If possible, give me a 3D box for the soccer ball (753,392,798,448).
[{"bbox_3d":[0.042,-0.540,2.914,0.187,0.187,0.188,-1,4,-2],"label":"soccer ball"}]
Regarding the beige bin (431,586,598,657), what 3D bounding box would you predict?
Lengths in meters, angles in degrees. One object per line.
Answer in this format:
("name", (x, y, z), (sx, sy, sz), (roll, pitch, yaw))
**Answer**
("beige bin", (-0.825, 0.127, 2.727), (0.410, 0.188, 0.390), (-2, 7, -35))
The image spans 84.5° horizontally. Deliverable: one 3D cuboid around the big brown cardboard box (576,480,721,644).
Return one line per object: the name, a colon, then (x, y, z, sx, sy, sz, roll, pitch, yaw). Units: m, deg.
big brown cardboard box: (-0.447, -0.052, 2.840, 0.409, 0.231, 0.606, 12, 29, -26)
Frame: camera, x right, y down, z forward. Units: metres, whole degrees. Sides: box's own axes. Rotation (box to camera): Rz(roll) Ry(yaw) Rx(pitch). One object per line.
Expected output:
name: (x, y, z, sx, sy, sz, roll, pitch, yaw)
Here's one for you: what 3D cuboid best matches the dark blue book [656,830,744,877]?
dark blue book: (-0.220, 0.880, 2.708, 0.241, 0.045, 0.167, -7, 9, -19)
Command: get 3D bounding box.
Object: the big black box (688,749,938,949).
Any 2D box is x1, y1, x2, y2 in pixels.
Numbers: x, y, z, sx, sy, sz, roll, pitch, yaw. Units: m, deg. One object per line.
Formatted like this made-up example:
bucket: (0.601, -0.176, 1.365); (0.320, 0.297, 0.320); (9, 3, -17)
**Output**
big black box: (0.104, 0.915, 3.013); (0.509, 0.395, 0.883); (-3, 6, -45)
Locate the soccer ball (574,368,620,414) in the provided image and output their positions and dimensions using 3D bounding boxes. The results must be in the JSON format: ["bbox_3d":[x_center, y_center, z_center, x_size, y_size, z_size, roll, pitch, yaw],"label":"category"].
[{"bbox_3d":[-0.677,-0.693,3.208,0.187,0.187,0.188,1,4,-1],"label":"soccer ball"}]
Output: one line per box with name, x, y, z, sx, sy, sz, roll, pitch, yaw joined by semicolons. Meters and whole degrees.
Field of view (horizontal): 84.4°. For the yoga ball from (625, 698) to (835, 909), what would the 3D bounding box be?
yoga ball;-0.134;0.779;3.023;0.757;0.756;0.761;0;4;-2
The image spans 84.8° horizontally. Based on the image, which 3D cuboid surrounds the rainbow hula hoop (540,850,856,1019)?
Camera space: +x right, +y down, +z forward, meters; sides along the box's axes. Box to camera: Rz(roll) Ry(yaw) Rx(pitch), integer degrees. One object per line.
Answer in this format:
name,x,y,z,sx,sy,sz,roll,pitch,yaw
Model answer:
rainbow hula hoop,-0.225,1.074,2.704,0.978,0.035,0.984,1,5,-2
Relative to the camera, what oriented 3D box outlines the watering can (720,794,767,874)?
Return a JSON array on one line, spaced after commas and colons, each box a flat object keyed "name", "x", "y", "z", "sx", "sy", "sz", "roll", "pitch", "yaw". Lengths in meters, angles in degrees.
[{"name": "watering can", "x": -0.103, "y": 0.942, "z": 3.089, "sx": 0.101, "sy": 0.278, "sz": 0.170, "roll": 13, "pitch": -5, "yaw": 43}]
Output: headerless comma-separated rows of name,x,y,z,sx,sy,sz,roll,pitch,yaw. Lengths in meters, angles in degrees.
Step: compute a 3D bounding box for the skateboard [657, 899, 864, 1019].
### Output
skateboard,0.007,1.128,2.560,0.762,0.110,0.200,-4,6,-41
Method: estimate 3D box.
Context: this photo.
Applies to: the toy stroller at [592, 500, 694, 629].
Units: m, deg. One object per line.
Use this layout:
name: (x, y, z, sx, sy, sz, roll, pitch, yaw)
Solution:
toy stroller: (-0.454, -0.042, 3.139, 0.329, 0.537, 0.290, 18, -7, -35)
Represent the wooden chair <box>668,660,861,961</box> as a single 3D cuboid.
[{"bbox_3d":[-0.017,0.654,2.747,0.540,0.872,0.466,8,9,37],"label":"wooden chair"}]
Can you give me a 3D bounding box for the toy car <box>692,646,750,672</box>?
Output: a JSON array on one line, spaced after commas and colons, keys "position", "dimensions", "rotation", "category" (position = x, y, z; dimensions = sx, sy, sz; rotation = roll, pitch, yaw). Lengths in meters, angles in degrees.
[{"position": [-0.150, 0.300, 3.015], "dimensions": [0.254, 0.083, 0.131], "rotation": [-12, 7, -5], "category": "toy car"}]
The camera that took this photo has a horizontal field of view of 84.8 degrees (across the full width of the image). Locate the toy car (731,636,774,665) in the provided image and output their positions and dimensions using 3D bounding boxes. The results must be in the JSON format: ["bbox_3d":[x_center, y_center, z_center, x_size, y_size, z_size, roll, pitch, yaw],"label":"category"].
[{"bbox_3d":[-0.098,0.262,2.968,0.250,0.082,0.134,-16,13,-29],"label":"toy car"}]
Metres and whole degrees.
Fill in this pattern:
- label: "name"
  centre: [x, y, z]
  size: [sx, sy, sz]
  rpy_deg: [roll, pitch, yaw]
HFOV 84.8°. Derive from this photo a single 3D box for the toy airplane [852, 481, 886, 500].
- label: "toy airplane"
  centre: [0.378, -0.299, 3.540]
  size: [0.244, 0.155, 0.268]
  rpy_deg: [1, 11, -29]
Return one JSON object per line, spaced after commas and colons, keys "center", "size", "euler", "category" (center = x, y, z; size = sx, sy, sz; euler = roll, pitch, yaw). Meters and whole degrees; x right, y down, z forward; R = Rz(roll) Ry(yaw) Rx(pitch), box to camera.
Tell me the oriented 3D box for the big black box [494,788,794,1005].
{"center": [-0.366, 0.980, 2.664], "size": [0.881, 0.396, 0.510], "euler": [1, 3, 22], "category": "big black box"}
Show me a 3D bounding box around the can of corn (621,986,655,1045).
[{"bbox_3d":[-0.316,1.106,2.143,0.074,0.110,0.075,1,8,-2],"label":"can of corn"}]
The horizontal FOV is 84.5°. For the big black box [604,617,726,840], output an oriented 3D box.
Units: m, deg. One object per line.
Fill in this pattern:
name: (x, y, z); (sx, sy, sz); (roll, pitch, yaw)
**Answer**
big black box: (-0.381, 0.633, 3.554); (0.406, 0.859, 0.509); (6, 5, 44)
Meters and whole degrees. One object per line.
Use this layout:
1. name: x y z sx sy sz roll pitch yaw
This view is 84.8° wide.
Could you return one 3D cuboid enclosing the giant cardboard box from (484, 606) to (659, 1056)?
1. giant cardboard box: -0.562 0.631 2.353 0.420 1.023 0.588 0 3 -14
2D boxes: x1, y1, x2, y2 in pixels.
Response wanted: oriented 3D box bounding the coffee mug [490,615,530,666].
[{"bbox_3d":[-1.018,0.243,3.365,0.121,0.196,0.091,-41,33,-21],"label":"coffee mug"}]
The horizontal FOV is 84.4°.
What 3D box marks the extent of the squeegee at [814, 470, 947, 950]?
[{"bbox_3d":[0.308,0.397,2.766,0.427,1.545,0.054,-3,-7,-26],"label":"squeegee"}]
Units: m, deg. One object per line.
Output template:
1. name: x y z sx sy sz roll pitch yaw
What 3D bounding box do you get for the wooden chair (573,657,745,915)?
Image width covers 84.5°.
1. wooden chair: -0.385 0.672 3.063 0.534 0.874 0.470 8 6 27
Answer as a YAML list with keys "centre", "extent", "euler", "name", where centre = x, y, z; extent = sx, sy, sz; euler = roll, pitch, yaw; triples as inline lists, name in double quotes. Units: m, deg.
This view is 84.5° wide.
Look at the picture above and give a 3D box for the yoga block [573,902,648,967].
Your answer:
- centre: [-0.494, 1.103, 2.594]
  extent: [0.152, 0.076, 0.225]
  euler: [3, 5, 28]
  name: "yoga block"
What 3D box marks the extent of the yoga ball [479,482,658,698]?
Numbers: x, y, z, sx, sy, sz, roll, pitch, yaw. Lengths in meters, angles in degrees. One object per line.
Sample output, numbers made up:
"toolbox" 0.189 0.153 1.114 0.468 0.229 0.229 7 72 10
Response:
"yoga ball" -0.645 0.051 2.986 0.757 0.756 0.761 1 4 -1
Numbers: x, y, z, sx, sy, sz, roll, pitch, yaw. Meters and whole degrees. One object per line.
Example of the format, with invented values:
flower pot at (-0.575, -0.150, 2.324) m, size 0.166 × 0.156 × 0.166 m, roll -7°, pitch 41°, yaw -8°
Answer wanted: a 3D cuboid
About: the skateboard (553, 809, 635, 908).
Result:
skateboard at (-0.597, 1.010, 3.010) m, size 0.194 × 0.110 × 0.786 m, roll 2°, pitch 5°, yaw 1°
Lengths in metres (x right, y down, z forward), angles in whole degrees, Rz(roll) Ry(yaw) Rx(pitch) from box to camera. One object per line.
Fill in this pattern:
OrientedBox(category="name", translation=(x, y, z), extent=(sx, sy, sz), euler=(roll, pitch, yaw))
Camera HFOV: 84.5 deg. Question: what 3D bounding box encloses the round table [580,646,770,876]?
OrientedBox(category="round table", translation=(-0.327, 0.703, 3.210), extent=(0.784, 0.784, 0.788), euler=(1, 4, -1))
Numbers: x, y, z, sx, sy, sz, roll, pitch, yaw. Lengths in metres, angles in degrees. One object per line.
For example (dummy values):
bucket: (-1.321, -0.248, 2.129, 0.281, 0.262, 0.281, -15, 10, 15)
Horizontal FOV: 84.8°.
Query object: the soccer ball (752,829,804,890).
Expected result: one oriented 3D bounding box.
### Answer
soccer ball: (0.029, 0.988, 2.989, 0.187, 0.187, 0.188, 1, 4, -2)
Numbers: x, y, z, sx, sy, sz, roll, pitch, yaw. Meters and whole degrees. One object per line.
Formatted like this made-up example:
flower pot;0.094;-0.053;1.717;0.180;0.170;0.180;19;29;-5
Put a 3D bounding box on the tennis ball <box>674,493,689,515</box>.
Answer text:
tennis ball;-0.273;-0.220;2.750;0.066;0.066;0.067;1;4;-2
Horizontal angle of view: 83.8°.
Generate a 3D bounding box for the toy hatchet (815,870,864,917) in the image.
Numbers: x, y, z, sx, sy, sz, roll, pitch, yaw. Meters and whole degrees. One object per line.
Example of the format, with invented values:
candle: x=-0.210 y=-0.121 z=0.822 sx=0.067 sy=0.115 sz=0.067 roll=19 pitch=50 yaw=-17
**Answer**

....................

Task to carry out — With the first line being the one containing "Field of view (horizontal): 84.4°." and the last line the one containing "Can you give", transcribe exactly the lines above that fall in that range.

Result —
Field of view (horizontal): 84.4°. For the yoga ball from (625, 698) to (835, 909), what would the 3D bounding box be?
yoga ball;-0.134;0.779;3.023;0.757;0.756;0.761;0;4;-2
The image spans 84.8° horizontally. Based on the image, which 3D cuboid surrounds the rainbow hula hoop (540,850,856,1019)?
Camera space: +x right, +y down, +z forward, meters; sides along the box's axes. Box to camera: Rz(roll) Ry(yaw) Rx(pitch), integer degrees. One object per line.
Answer in this format:
name,x,y,z,sx,sy,sz,roll,pitch,yaw
Model answer:
rainbow hula hoop,-0.225,1.074,2.704,0.978,0.035,0.984,1,5,-2
Relative to the camera, what oriented 3D box outlines the watering can (720,794,767,874)?
Return a JSON array on one line, spaced after commas and colons, each box a flat object keyed "name", "x", "y", "z", "sx", "sy", "sz", "roll", "pitch", "yaw". Lengths in meters, angles in degrees.
[{"name": "watering can", "x": -0.103, "y": 0.942, "z": 3.089, "sx": 0.101, "sy": 0.278, "sz": 0.170, "roll": 13, "pitch": -5, "yaw": 43}]
Output: headerless comma-separated rows of name,x,y,z,sx,sy,sz,roll,pitch,yaw. Lengths in meters, angles in degrees.
Step: compute a 3D bounding box for the skateboard [657, 899, 864, 1019].
### Output
skateboard,0.007,1.128,2.560,0.762,0.110,0.200,-4,6,-41
Method: estimate 3D box.
Context: this photo.
Applies to: the toy stroller at [592, 500, 694, 629].
Units: m, deg. One object per line.
Use this layout:
name: (x, y, z, sx, sy, sz, roll, pitch, yaw)
Solution:
toy stroller: (-0.454, -0.042, 3.139, 0.329, 0.537, 0.290, 18, -7, -35)
Represent the wooden chair <box>668,660,861,961</box> as a single 3D cuboid.
[{"bbox_3d":[-0.017,0.654,2.747,0.540,0.872,0.466,8,9,37],"label":"wooden chair"}]
Can you give me a 3D bounding box for the toy car <box>692,646,750,672</box>?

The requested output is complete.